What Is Adversarial ML? A Practitioner's Primer

Adversarial machine learning is the study of attacks against ML systems and the defenses that resist them. The term covers a family of techniques that manipulate either the model’s inputs, its training data, or the inference queries made against it — sometimes all three. For practitioners running ML in production, understanding the taxonomy is not academic. Each attack class has different preconditions, different mitigations, and lands in a different part of your threat model.

This is the primer we wish existed when we first needed it.

The Attack Surface: Where ML Is Different

Traditional software vulnerabilities live in code. A buffer overflow exploits a specific implementation bug and is fixed by patching that bug. Adversarial ML attacks often exploit fundamental properties of how models learn and generalize — properties that survive code changes and model retraining. That makes them structurally different from most of what appears in a CVE feed.

NIST’s AI.100-2 taxonomy ↗ organizes ML attacks along two axes: the phase of the ML lifecycle they target, and the attacker’s level of access to the model. The four primary attack categories are evasion, poisoning, inference, and abuse.

Evasion Attacks

Evasion attacks occur post-deployment. The model is already trained and running. The attacker crafts inputs specifically designed to cause misclassification or unexpected output without modifying the model itself.
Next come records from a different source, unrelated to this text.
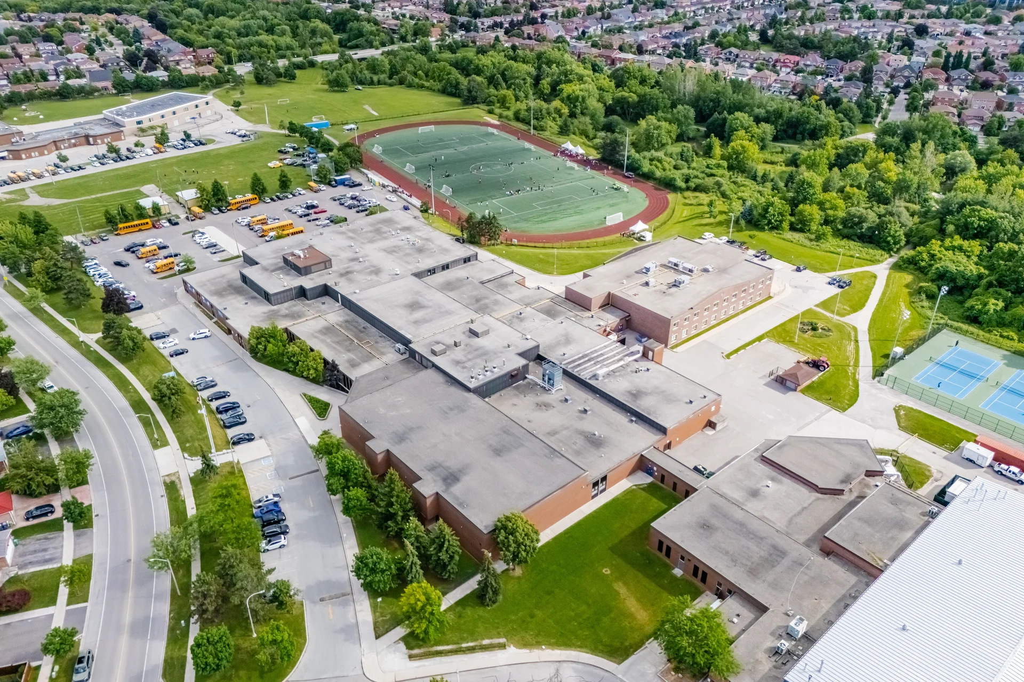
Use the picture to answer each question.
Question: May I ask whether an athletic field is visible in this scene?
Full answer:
Yes, this view includes an athletic field.
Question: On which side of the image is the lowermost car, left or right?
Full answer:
You can find the lowermost car on the left side of the picture.
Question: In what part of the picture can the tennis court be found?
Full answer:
The tennis court sits in the right section of the image.
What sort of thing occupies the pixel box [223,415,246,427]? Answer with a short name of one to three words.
vehicle
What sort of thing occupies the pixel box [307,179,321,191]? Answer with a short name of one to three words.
vehicle
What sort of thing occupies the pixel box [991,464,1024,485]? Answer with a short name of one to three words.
truck
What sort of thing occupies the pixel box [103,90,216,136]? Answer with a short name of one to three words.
building
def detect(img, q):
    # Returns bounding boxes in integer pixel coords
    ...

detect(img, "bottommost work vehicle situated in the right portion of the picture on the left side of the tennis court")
[793,358,826,373]
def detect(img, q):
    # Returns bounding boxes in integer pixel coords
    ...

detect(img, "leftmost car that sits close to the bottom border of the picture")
[71,649,94,680]
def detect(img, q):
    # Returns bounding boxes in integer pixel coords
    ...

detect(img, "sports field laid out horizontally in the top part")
[364,124,647,234]
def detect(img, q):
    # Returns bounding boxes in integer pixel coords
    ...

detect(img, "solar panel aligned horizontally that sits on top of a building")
[110,91,207,115]
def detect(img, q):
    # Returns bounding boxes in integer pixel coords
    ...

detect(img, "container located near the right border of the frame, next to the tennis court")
[976,432,1024,469]
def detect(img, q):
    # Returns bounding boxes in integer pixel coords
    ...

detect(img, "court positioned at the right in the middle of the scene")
[882,334,1024,438]

The canonical formulation comes from Goodfellow et al. (2015) ↗: take a correctly classified image, compute the gradient of the loss with respect to the input, and add a small perturbation in that gradient direction. The result looks identical to the original but consistently fools the classifier. This is the Fast Gradient Sign Method (FGSM), and it spawned a decade of follow-on work.

For vision models, evasion attacks typically take the form of adversarial patches — physical objects or printed patterns that cause object detectors to misclassify vehicles, stop signs, or people. Researchers demonstrated in 2018 that an adversarial patch printed on a shirt caused a person-detector to reliably miss the wearer. Real-world deployments in autonomous vehicles and physical security systems are the practical concern.
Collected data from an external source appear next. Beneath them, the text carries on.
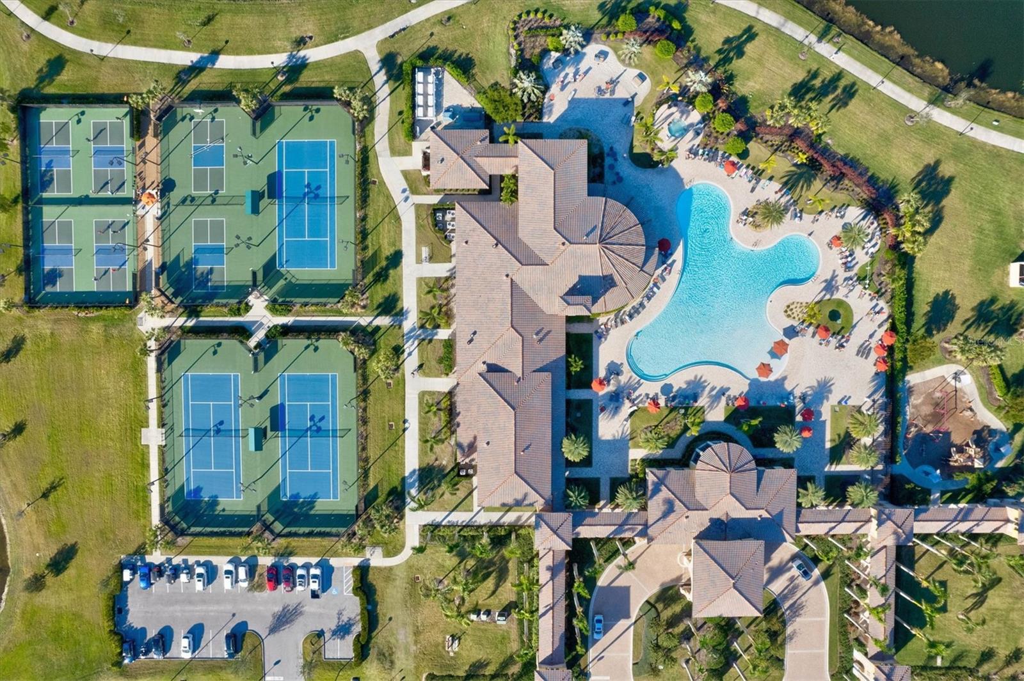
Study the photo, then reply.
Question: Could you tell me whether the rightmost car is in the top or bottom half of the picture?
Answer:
bottom
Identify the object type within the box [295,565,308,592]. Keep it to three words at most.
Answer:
vehicle
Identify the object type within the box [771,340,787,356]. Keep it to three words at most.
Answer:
umbrella
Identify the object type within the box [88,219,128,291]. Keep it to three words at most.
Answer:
sports court
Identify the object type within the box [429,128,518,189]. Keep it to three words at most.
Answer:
building
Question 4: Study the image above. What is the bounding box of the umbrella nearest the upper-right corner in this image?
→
[828,234,844,249]
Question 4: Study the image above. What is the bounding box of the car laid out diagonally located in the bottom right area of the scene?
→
[792,556,812,582]
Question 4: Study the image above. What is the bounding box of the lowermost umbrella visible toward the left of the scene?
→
[142,191,159,207]
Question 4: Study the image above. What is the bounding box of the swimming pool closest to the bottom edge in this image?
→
[625,180,823,383]
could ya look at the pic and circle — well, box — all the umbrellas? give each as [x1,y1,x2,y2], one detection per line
[798,424,813,440]
[756,361,771,378]
[798,407,814,422]
[142,191,159,207]
[956,374,972,385]
[880,330,896,345]
[872,342,888,357]
[828,234,844,249]
[659,237,672,253]
[771,340,787,356]
[815,324,830,340]
[734,395,749,410]
[721,160,737,176]
[644,397,660,413]
[873,356,889,372]

For language models, evasion looks different. Adversarial suffixes — character sequences appended to prompts — can reliably shift model outputs. Carlini & Wagner (2017) ↗ introduced C&W attacks as a more powerful alternative to FGSM. Later work applied similar optimization to generate suffix strings that cause aligned LLMs to comply with refused requests. The 2023 GCG paper from CMU/UCSD demonstrated that such suffixes transferred across different model families.

Defensive posture for evasion: Input preprocessing (smoothing, JPEG compression, randomization) reduces adversarial perturbation. Certified defenses provide provable bounds on robustness within a perturbation radius. For LLMs, output filtering and behavioral classifiers catch a subset of adversarial outputs. None of these provide complete coverage.

Poisoning Attacks

Poisoning targets the training phase. An attacker who can influence the training dataset can degrade model performance, introduce systematic biases, or implant backdoors.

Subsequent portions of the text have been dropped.